** Provided records follows **
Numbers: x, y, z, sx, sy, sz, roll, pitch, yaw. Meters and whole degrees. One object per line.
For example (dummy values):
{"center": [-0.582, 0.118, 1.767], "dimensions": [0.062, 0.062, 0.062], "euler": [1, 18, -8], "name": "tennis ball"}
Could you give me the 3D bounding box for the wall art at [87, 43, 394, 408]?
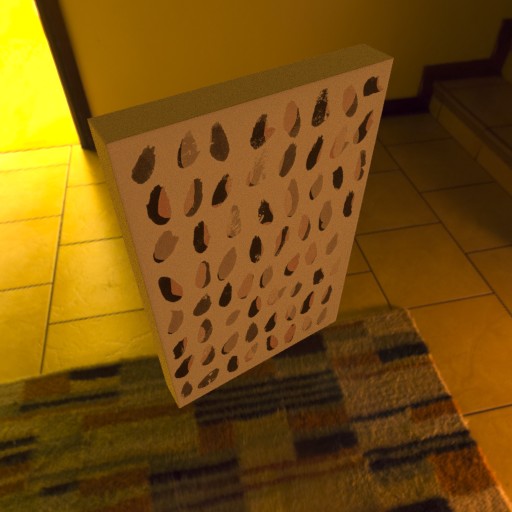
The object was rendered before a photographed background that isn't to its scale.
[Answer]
{"center": [0.000, 0.000, 0.479], "dimensions": [0.252, 0.381, 0.039], "euler": [-24, 51, -22], "name": "wall art"}
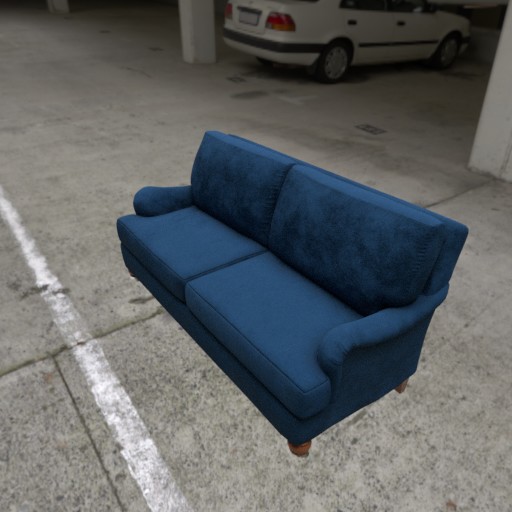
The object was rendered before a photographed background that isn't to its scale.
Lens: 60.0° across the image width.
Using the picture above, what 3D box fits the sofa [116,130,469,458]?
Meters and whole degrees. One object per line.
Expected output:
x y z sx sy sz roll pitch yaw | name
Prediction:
0.000 0.000 2.807 1.084 1.101 2.141 -21 36 -31 | sofa
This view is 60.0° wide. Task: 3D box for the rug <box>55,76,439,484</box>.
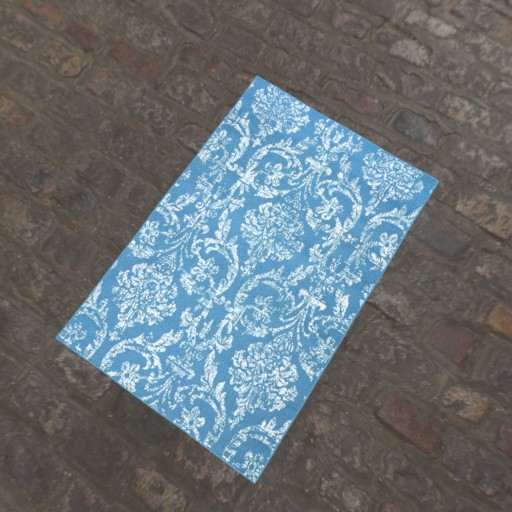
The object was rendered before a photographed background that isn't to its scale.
[{"bbox_3d":[0.000,0.000,2.337,1.211,0.012,1.833,33,78,8],"label":"rug"}]
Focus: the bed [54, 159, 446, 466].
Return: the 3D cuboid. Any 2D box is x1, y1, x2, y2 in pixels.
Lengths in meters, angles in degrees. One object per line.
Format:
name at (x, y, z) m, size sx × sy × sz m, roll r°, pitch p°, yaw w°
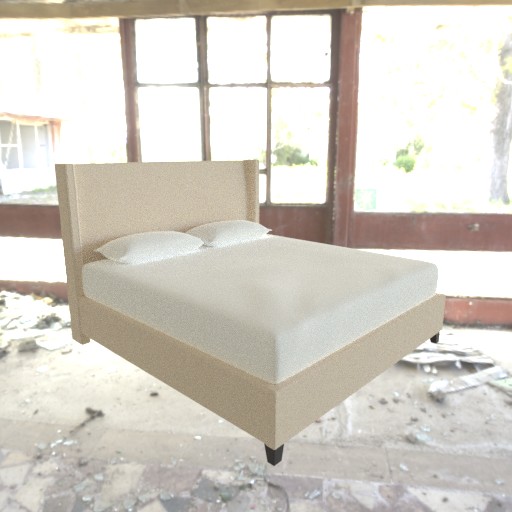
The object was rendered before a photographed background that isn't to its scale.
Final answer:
bed at (0.000, 0.000, 3.591) m, size 2.293 × 1.471 × 2.145 m, roll 12°, pitch 18°, yaw 42°
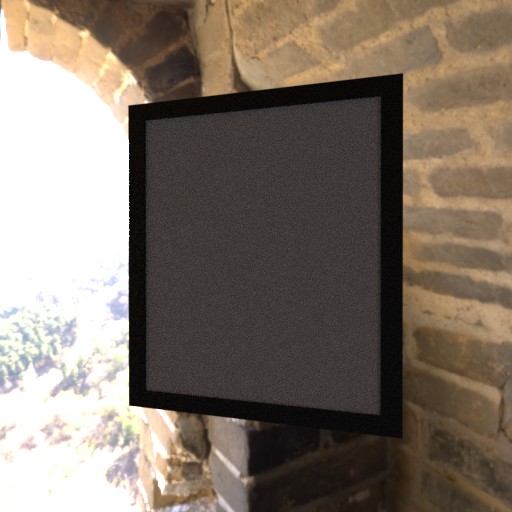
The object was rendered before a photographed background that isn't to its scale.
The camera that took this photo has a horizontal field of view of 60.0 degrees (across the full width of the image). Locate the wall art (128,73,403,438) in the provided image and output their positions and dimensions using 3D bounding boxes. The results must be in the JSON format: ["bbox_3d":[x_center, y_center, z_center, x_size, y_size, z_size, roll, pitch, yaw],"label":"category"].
[{"bbox_3d":[0.000,0.000,0.525,0.330,0.381,0.029,0,0,18],"label":"wall art"}]
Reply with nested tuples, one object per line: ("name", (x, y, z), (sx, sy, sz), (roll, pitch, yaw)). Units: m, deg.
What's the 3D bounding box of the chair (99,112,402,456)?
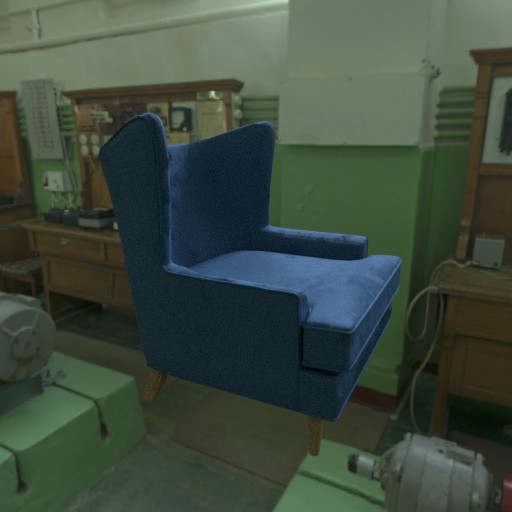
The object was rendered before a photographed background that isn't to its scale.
("chair", (0.000, 0.000, 1.590), (0.910, 0.952, 0.793), (7, 17, 26))
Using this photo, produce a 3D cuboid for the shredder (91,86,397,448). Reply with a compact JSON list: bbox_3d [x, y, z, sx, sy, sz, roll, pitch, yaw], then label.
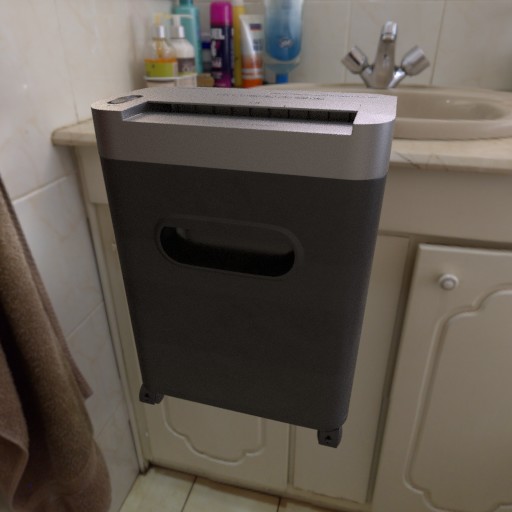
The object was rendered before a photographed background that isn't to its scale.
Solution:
[{"bbox_3d":[0.000,0.000,0.603,0.311,0.419,0.237,8,29,14],"label":"shredder"}]
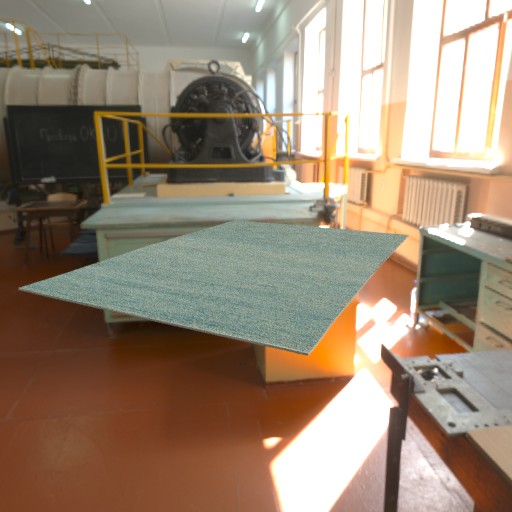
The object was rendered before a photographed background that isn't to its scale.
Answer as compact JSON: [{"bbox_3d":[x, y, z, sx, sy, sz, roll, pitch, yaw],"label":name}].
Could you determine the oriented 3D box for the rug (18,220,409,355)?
[{"bbox_3d":[0.000,0.000,2.921,1.593,0.029,2.305,7,16,26],"label":"rug"}]
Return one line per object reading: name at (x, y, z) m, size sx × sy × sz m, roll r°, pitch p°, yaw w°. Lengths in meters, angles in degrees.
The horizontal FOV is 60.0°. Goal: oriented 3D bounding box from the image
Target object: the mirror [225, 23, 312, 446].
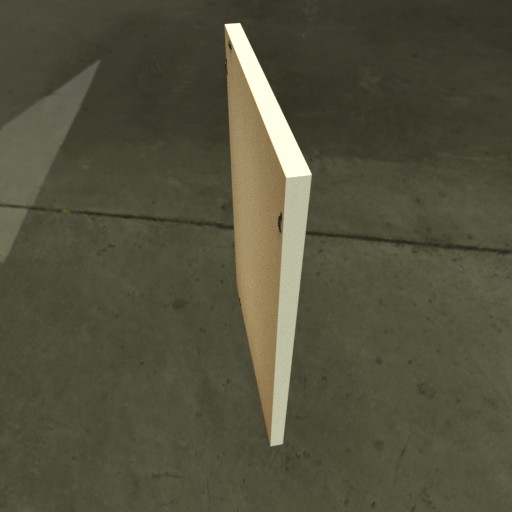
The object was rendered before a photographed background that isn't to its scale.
mirror at (0.000, 0.000, 1.135) m, size 0.041 × 0.914 × 0.609 m, roll -8°, pitch 46°, yaw -7°
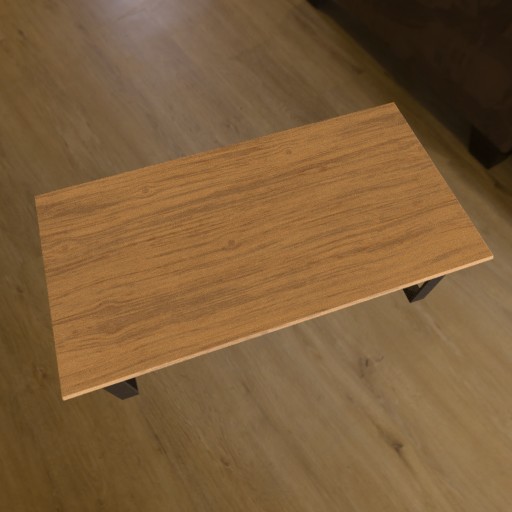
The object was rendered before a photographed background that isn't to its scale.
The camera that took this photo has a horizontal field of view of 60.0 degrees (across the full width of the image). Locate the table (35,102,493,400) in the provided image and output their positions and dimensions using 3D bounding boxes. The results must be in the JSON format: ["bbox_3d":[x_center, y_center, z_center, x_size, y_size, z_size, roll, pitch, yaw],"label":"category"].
[{"bbox_3d":[0.000,0.000,1.624,1.331,0.445,0.693,-17,64,-8],"label":"table"}]
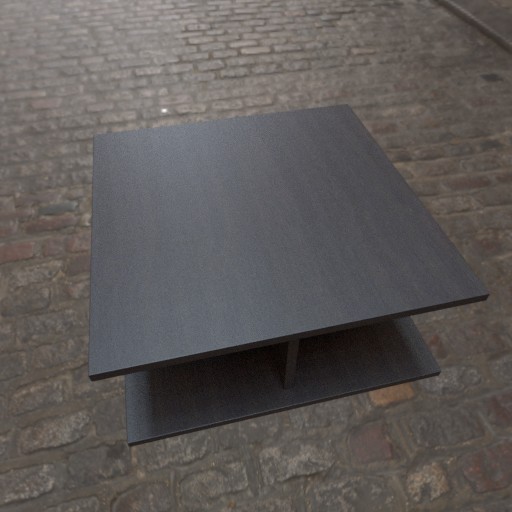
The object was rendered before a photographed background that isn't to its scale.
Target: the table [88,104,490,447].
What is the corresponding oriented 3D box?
[{"bbox_3d":[0.000,0.000,1.203,0.762,0.396,0.762,-10,48,-9],"label":"table"}]
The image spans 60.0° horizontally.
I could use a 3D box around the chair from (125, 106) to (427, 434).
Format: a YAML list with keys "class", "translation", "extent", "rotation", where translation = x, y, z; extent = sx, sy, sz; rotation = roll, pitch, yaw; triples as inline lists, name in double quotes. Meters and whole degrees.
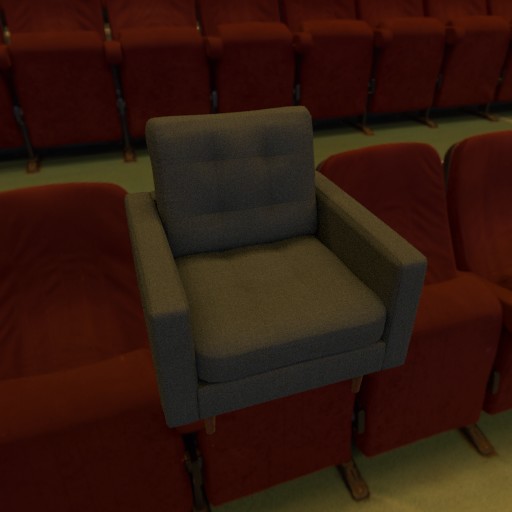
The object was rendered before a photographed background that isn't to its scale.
- class: "chair"
  translation: [0.000, 0.000, 1.572]
  extent: [0.821, 0.880, 0.843]
  rotation: [-10, 33, -16]
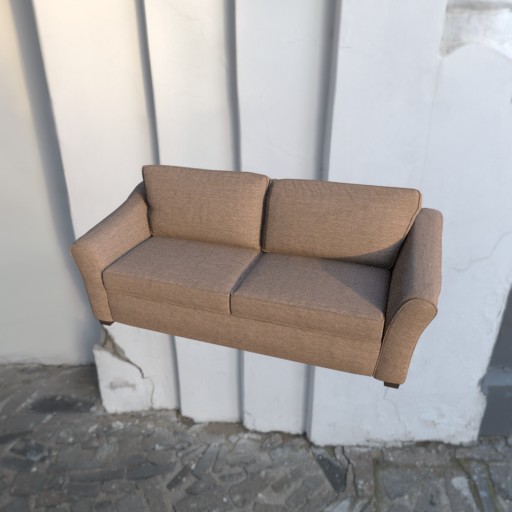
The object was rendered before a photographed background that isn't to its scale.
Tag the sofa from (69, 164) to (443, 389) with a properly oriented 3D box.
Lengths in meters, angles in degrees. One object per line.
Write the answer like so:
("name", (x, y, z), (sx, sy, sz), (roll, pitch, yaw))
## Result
("sofa", (0.000, 0.000, 2.940), (2.270, 0.965, 0.980), (8, 27, 17))
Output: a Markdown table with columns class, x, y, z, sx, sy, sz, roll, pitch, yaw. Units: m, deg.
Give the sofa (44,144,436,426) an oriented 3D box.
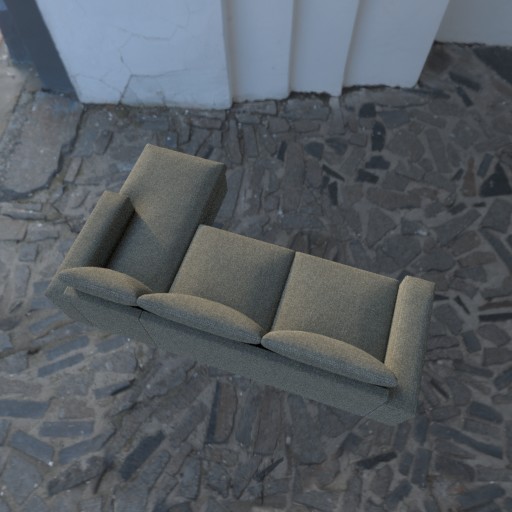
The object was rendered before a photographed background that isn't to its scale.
| class | x | y | z | sx | sy | sz | roll | pitch | yaw |
| --- | --- | --- | --- | --- | --- | --- | --- | --- | --- |
| sofa | 0.000 | 0.000 | 3.516 | 2.718 | 0.940 | 1.689 | 16 | 64 | 8 |
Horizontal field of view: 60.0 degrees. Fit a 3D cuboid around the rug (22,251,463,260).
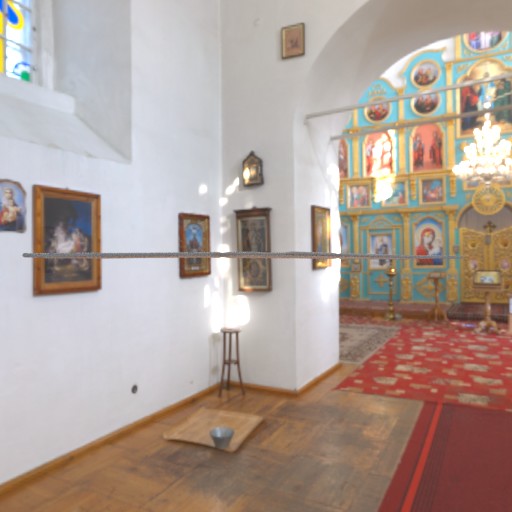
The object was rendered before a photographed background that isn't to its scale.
[{"bbox_3d":[0.000,0.000,2.577,2.341,0.037,0.675,0,-1,-17],"label":"rug"}]
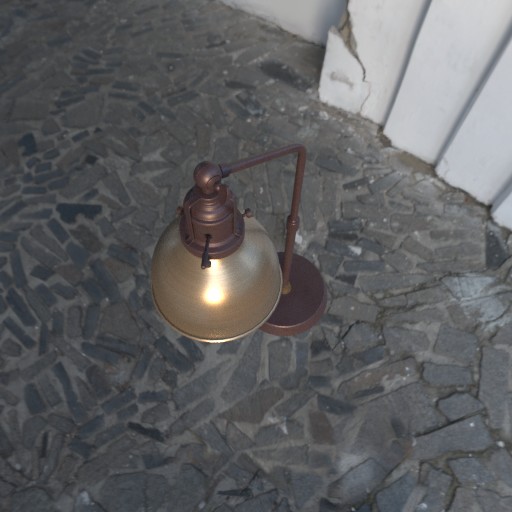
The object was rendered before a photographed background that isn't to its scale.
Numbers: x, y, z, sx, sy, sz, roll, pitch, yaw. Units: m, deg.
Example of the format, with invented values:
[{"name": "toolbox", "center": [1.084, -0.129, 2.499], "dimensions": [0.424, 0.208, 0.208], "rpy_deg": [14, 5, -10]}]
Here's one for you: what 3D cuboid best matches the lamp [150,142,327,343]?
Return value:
** End of Provided records **
Take from the entries every line that has the string "Target".

Target object: the mirror [225, 23, 312, 446].
Target: the table [88,104,490,447].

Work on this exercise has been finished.